L’idea che sarebbe stato inutile, anzi dannoso, darsi un minimo di regole e di struttura (per evitare di fondare un nuovo «partitino») si è rivelata alla prova dei fatti un’illusione. L’illusione di avere più tempo, e l’illusione che comunque il nuovo soggetto politico della sinistra (unitario e plurale) era a portata di mano. Così non è stato e non è.

Per questo riteniamo che Sinistra democratica deve darsi da subito una struttura, leggera e democratica. Come farlo?

Fra le molte promesse mancate di Sinistra Democratica troviamo di certo quella di un nuovo modo di far politica. La critica alla riduzione oligarchica dei processi democratici, alla mancanza di partecipazione da parte di iscritti e militanti, alla assunzione di decisioni in sedi ristrette e poco trasparenti era stata per molti decisiva nella scelta di uscire dai Ds con l’ultimo congresso.

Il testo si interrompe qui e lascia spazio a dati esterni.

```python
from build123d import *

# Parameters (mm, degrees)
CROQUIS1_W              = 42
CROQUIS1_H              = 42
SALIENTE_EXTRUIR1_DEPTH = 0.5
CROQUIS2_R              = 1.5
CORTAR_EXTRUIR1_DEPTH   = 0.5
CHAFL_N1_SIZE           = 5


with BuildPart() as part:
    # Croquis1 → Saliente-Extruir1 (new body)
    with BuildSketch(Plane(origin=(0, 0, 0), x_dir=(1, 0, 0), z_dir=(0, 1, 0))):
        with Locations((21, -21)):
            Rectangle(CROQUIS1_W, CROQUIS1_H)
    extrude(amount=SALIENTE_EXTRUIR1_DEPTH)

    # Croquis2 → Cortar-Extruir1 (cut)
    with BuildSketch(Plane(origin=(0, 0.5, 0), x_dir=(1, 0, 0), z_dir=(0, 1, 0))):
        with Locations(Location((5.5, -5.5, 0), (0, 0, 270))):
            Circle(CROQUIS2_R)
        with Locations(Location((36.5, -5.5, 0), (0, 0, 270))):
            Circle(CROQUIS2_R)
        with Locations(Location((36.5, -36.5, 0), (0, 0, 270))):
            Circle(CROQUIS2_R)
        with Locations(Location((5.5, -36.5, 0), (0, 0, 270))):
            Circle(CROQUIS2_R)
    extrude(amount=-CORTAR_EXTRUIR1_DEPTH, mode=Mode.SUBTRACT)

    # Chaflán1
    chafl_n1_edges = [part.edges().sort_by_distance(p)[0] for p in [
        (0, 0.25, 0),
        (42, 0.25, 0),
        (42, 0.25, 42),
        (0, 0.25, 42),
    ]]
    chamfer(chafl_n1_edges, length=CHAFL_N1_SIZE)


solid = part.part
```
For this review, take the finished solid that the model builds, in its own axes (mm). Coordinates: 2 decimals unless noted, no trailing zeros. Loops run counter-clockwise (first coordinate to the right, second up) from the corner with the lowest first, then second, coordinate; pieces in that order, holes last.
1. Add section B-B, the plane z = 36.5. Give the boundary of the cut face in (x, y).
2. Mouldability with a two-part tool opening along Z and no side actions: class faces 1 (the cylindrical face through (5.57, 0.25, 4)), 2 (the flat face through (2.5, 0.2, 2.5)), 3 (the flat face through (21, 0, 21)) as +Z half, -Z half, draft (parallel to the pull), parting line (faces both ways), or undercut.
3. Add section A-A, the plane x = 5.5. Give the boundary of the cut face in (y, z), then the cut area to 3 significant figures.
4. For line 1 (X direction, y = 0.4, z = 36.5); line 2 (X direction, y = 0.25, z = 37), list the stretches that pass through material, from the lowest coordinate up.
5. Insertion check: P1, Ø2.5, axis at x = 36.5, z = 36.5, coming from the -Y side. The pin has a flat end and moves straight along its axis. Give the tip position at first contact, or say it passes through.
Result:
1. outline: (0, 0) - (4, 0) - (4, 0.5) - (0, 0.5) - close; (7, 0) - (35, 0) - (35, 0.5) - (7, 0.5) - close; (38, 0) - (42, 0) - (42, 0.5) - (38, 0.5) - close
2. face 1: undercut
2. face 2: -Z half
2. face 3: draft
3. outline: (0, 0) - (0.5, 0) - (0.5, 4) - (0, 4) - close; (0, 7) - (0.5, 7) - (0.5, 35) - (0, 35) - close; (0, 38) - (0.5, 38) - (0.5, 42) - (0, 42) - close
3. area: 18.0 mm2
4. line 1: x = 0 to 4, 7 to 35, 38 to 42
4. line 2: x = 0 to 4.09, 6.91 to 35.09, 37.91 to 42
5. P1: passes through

Pensavamo che nel Pd non sarebbe andata meglio. Anche per questo abbiamo scelto un’altra strada. Ma quella che abbiamo preso non ha realizzato le speranze.

Pensiamo che, dopo la catastrofe del voto, la musica debba cambiare. Abbiamo affrontato una campagna elettorale difficilissima. Compagne e compagni in tutto il paese si sono battuti fino all’ultimo, per un risultato che diventava ogni giorno più difficile. Ora, dopo il terremoto, a loro dobbiamo rivolgerci perché indichino la strada da seguire e scelgano il nuovo gruppo dirigente.

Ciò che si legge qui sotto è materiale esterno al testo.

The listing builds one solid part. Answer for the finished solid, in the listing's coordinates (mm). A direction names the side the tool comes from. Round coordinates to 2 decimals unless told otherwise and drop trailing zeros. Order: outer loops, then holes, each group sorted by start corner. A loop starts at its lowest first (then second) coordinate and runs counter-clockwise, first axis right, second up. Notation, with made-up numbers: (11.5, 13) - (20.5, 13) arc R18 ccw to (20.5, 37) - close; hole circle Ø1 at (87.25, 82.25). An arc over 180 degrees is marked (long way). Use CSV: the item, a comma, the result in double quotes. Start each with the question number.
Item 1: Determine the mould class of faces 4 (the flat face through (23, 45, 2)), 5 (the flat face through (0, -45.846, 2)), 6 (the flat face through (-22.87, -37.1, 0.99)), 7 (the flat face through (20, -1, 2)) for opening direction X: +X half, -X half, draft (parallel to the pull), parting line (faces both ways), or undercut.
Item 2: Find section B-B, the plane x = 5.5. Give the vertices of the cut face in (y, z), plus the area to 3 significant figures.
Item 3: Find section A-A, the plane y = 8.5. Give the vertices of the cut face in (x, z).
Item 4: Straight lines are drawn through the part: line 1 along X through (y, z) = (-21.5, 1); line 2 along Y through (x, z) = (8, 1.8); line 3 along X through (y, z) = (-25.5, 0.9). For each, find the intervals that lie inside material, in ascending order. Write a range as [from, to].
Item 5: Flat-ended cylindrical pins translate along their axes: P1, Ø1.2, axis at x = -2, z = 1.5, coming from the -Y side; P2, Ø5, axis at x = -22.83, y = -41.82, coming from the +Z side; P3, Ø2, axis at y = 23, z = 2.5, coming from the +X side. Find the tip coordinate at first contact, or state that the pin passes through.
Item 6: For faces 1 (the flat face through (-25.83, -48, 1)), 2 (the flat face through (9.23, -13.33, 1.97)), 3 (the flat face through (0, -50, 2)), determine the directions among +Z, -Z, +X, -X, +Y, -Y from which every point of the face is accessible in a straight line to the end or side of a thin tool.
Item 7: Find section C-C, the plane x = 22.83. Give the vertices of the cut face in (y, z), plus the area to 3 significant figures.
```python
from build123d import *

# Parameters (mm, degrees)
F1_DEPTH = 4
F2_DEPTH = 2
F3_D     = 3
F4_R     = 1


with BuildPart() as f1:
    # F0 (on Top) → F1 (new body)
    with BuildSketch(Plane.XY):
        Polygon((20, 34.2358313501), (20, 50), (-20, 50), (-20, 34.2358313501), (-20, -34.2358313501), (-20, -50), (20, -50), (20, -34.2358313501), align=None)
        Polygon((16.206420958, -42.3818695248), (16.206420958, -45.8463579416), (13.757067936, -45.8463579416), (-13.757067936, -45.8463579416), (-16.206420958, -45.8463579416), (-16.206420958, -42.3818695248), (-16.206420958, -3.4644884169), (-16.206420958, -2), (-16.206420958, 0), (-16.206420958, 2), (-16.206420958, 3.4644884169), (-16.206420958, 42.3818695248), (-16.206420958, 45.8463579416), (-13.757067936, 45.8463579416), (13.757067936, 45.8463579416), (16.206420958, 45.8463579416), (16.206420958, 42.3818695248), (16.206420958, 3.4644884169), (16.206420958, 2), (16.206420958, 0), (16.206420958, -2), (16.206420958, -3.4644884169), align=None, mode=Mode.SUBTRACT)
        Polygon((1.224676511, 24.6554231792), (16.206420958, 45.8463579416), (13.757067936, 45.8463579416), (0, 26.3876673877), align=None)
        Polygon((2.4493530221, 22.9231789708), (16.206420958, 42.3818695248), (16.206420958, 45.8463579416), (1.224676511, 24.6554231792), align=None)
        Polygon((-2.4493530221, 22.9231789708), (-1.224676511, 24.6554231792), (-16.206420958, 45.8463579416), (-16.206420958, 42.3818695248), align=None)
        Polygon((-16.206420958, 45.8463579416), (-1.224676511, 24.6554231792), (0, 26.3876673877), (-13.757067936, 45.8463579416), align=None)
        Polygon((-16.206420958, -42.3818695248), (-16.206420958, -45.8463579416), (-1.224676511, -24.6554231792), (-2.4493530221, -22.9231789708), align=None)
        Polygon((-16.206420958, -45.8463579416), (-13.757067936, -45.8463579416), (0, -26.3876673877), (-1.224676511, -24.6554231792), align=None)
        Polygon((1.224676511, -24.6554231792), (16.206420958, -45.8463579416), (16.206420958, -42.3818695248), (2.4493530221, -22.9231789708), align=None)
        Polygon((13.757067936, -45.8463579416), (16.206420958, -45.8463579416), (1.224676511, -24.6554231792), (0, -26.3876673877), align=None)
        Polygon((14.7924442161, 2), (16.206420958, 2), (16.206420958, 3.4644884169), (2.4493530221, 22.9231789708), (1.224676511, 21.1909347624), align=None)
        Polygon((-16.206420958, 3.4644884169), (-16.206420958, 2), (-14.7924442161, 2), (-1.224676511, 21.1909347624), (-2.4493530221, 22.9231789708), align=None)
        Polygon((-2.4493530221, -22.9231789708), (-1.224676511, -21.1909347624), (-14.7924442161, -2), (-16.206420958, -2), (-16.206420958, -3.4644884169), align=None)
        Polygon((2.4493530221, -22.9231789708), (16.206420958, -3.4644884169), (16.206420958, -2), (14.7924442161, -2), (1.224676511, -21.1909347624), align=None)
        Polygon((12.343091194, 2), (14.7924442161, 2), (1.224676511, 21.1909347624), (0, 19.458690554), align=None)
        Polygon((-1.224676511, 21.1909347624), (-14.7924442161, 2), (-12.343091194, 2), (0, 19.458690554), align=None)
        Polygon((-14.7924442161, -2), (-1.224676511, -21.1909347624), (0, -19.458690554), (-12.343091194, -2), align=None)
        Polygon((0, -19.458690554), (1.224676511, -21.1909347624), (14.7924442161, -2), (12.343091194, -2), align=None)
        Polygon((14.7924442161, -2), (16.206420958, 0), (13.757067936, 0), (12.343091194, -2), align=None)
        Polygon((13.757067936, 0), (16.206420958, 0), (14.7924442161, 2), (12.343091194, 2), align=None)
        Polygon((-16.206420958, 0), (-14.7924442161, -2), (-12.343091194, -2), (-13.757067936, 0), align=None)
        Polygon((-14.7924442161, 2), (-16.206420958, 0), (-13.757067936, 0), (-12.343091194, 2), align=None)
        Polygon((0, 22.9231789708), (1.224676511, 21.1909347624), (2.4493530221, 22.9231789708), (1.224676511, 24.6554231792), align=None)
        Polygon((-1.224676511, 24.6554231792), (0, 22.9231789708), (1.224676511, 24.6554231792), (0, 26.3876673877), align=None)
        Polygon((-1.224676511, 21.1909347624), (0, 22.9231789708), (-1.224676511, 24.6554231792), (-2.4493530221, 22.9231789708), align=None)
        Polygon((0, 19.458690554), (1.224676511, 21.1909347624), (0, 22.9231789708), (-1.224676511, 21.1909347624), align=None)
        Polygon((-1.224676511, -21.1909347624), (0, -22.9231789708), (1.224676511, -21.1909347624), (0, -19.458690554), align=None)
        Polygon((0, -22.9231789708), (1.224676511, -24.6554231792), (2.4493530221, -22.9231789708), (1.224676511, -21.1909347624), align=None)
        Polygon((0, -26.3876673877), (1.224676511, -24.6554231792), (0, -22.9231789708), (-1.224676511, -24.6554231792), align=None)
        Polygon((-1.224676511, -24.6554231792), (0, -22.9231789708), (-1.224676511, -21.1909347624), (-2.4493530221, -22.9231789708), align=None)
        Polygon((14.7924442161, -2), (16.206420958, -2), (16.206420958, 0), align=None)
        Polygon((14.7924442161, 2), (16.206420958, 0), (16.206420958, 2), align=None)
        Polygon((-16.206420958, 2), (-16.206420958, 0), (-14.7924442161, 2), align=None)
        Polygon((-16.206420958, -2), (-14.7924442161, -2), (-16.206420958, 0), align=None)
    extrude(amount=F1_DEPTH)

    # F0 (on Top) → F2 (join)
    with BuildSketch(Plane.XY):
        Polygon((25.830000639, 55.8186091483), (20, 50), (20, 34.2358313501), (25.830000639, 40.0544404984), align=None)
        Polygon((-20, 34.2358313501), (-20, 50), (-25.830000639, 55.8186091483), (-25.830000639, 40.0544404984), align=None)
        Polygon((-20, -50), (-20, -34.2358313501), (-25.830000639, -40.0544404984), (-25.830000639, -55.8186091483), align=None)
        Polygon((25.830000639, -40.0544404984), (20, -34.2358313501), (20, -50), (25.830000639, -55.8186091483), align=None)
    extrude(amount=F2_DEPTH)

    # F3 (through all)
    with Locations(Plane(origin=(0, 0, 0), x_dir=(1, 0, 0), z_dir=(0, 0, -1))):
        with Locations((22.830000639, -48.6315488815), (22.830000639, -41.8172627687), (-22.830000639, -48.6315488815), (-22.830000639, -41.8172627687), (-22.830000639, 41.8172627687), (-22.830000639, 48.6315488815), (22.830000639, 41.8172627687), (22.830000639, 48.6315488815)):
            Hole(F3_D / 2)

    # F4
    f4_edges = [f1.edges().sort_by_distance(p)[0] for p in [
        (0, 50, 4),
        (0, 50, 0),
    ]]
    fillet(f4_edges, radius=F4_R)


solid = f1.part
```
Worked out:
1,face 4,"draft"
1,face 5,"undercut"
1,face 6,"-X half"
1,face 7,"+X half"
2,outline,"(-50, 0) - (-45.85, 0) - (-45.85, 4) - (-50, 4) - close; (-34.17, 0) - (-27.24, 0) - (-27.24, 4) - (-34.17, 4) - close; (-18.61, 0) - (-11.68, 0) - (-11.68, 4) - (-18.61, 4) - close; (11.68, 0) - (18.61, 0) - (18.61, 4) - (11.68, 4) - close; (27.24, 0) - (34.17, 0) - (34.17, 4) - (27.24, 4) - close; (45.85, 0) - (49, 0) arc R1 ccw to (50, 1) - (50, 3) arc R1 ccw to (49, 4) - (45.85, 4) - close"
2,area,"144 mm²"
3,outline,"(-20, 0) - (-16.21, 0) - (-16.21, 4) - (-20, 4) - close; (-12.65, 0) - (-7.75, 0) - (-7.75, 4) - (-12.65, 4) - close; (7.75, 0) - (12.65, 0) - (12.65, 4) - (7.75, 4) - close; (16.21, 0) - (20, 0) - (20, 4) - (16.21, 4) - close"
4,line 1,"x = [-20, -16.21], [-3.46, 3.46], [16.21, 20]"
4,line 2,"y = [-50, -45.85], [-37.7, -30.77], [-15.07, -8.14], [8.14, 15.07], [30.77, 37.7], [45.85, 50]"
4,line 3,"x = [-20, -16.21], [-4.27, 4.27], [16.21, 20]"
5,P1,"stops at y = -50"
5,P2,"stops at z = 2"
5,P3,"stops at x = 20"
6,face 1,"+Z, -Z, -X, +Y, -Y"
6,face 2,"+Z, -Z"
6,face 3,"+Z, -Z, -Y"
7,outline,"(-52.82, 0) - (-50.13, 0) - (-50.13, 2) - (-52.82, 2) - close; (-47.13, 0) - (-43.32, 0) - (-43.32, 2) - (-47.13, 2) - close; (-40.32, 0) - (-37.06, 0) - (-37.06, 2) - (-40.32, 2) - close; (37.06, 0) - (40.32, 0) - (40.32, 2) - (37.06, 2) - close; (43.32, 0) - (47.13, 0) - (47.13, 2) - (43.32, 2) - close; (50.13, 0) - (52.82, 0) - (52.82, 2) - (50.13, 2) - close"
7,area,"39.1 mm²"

Per questo non ci persuade l’idea di tornare al Comitato promotore, perché elegga un altro coordinatore, che formi una nuova presidenza, che apra un dibattito dai contorni e delle modalità imprecisate. Il Comitato promotore era ed è in buona parte diretta filiazione del congresso Ds. Doveva avere una funzione transitoria, e per questo il nostro Statuto provvisorio - consultabile sul sito - gli assegna esclusivamente il compito di «lanciare la fase di adesione al Movimento». Quella fase è alle nostre spalle. È giusto e corretto che a partecipare e a decidere le scelte di oggi siano le compagne e i compagni che oggi, qui ed ora, hanno fatto o confermato le loro scelte e sono scesi in campo.

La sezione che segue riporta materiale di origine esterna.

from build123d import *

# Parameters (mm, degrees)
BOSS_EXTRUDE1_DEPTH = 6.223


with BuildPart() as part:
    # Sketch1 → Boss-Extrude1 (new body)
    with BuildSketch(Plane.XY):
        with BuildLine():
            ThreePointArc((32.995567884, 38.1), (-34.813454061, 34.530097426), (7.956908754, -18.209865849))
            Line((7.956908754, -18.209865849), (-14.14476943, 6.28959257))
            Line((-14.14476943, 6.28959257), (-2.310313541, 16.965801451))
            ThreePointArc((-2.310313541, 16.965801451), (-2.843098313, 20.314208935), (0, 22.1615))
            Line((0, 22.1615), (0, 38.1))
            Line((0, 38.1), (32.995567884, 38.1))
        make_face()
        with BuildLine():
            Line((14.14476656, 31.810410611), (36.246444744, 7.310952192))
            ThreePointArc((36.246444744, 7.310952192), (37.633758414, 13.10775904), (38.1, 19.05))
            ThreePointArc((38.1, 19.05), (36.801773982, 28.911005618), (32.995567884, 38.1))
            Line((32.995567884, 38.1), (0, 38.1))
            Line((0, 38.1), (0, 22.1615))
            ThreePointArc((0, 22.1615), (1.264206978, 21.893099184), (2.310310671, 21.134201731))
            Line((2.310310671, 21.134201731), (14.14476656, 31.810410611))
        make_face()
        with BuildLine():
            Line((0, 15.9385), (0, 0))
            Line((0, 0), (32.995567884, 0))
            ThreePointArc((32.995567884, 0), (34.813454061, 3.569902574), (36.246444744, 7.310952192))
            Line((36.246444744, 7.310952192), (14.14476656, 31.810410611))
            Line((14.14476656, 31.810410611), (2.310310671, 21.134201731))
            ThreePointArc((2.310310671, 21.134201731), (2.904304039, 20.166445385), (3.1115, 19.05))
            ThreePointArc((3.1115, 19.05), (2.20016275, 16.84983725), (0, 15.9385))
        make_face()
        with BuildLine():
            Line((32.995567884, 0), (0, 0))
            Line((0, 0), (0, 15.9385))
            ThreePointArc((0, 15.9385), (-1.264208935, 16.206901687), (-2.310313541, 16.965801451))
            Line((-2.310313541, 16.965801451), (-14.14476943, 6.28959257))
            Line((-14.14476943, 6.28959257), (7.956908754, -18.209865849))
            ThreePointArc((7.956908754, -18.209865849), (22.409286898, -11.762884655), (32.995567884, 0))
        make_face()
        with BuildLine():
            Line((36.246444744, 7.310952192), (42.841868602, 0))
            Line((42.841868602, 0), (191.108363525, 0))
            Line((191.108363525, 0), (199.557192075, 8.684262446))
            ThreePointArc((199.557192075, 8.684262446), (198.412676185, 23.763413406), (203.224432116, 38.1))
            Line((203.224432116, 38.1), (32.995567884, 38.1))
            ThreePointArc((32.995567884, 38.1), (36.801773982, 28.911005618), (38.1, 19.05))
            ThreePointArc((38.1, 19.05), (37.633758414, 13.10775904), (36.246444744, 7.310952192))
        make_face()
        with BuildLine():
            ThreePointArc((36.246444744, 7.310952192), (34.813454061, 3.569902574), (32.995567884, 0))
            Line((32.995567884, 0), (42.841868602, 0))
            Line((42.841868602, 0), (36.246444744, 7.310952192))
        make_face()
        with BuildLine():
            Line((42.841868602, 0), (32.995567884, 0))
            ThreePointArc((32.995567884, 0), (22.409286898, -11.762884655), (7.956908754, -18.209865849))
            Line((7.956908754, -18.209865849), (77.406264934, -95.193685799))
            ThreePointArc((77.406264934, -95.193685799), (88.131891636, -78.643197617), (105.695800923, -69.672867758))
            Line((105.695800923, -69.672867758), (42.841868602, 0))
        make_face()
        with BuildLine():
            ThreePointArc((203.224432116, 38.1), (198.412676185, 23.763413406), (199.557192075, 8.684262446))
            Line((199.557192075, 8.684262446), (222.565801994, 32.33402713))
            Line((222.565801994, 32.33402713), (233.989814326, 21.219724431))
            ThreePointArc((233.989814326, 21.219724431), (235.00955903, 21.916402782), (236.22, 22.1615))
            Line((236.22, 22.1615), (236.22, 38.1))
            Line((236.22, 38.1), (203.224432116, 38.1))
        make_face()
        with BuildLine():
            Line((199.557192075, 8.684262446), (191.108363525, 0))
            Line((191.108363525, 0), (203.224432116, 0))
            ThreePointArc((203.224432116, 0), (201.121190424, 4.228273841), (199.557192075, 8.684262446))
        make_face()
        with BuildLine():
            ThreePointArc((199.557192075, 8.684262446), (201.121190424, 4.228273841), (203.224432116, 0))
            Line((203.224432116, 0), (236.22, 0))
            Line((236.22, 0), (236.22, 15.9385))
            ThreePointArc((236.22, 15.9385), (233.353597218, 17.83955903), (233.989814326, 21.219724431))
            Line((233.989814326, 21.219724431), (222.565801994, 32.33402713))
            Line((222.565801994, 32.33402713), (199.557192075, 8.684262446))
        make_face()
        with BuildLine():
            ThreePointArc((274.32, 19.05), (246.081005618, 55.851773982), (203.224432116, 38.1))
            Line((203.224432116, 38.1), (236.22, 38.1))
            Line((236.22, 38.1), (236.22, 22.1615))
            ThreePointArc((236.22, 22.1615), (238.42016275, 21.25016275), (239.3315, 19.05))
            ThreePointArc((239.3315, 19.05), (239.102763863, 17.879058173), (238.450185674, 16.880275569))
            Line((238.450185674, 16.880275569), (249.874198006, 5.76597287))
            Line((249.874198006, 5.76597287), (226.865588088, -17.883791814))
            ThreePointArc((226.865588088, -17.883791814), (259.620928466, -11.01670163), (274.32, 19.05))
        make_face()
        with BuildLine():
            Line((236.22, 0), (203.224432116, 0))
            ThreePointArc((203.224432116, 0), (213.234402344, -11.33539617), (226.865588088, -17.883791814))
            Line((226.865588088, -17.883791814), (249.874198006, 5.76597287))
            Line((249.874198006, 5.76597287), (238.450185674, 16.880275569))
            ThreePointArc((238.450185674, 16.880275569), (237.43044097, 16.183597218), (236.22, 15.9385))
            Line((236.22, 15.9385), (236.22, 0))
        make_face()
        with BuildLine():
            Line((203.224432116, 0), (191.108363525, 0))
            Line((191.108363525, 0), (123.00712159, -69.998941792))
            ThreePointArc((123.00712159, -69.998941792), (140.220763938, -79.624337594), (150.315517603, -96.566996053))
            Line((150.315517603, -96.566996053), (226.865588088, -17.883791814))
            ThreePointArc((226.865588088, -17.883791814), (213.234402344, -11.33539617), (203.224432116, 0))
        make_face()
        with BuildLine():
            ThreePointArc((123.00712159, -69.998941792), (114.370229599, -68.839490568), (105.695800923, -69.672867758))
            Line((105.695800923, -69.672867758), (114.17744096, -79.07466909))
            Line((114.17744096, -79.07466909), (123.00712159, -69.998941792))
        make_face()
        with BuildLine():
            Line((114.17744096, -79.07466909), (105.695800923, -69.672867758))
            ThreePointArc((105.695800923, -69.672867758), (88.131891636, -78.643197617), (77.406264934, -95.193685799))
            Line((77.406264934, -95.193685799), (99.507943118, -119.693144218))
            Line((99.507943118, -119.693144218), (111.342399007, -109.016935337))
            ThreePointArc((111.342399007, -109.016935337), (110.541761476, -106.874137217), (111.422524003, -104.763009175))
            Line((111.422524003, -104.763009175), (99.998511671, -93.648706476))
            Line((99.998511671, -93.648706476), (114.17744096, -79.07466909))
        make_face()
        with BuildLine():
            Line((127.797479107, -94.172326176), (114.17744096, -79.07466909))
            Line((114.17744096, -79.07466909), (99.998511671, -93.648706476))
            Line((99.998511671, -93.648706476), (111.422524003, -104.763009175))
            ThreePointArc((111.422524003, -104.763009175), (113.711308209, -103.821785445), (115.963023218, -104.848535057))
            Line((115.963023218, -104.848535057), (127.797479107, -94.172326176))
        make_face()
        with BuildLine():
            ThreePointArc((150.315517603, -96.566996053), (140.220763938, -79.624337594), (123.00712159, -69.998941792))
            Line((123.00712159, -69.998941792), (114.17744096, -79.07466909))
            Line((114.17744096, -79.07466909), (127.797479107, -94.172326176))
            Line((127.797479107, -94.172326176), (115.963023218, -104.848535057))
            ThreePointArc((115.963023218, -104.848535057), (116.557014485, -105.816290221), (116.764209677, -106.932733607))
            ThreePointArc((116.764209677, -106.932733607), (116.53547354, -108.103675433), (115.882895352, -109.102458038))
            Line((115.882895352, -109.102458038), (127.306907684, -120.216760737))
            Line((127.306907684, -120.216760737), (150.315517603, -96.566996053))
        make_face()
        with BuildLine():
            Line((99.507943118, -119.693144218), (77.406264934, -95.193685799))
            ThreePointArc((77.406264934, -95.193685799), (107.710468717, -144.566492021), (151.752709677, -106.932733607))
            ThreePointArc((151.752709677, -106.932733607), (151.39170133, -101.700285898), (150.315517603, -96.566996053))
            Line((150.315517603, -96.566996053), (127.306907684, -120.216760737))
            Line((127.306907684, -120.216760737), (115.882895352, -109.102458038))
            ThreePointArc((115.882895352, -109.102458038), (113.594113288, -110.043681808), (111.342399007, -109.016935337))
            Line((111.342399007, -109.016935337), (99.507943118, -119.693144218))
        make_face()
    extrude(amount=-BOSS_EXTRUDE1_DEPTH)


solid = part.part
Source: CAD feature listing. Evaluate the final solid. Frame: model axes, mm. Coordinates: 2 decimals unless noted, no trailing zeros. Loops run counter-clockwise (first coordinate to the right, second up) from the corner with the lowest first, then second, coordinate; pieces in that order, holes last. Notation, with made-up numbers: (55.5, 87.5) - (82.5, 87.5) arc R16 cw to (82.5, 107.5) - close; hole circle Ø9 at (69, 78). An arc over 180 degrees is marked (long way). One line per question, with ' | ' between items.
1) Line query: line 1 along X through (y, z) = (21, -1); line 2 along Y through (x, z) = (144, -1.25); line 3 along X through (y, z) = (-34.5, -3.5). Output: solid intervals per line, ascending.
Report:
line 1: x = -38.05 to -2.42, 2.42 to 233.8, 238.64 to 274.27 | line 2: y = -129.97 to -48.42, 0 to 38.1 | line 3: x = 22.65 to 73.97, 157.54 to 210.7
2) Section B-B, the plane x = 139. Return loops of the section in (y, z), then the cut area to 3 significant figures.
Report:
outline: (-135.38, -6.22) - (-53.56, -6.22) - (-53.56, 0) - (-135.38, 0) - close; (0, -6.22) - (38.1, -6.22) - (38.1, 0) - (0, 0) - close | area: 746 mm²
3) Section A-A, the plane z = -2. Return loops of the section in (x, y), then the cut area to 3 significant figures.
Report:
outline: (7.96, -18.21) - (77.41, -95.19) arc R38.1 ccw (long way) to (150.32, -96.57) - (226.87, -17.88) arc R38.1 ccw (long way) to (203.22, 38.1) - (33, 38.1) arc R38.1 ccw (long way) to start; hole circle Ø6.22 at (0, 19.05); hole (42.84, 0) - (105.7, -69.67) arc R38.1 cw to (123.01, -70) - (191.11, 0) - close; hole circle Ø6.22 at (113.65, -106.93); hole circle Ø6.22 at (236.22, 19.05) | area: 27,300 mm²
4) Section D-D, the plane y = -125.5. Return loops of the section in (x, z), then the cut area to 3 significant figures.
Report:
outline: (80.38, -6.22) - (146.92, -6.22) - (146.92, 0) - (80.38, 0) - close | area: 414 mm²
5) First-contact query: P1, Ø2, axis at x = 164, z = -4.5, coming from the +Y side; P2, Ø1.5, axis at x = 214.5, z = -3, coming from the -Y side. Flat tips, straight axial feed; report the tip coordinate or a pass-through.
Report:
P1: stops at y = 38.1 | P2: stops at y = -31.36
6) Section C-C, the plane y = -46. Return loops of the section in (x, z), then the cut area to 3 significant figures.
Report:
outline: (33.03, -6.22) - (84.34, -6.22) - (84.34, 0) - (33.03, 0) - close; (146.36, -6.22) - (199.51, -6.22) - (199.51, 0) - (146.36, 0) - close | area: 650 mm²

Proponiamo un altro percorso per Sd. Un percorso innovativo, un pezzo di riforma della politica. Convocare al più presto assemblee territoriali, per esempio a livello provinciale, di tutte le compagne e i compagni che hanno aderito a Sd, hanno partecipato alla campagna elettorale, e intendono proseguire il loro impegno nel nostro Movimento. Assemblee aperte a tutti quelli che a sinistra volessero partecipare e contribuire. Assemblee che sarebbero per noi l’equivalente di una grande primaria democratica sul progetto, perché convocate per discutere di politica, e non per l’elezione plebiscitaria di un leader. E che, sulla base della discussione politica, eleggano i propri rappresentanti per una grande Assemblea nazionale chiamata a decidere, entro giugno, sulla linea politica e sul nuovo gruppo dirigente nazionale.

Noi e la sinistra abbiamo bisogno di cambiamento vero. E non possiamo consentirci altri errori. Il primo errore sarebbe non dare la parola, per decidere davvero, a tutti coloro che si sono guadagnati sul campo tale diritto.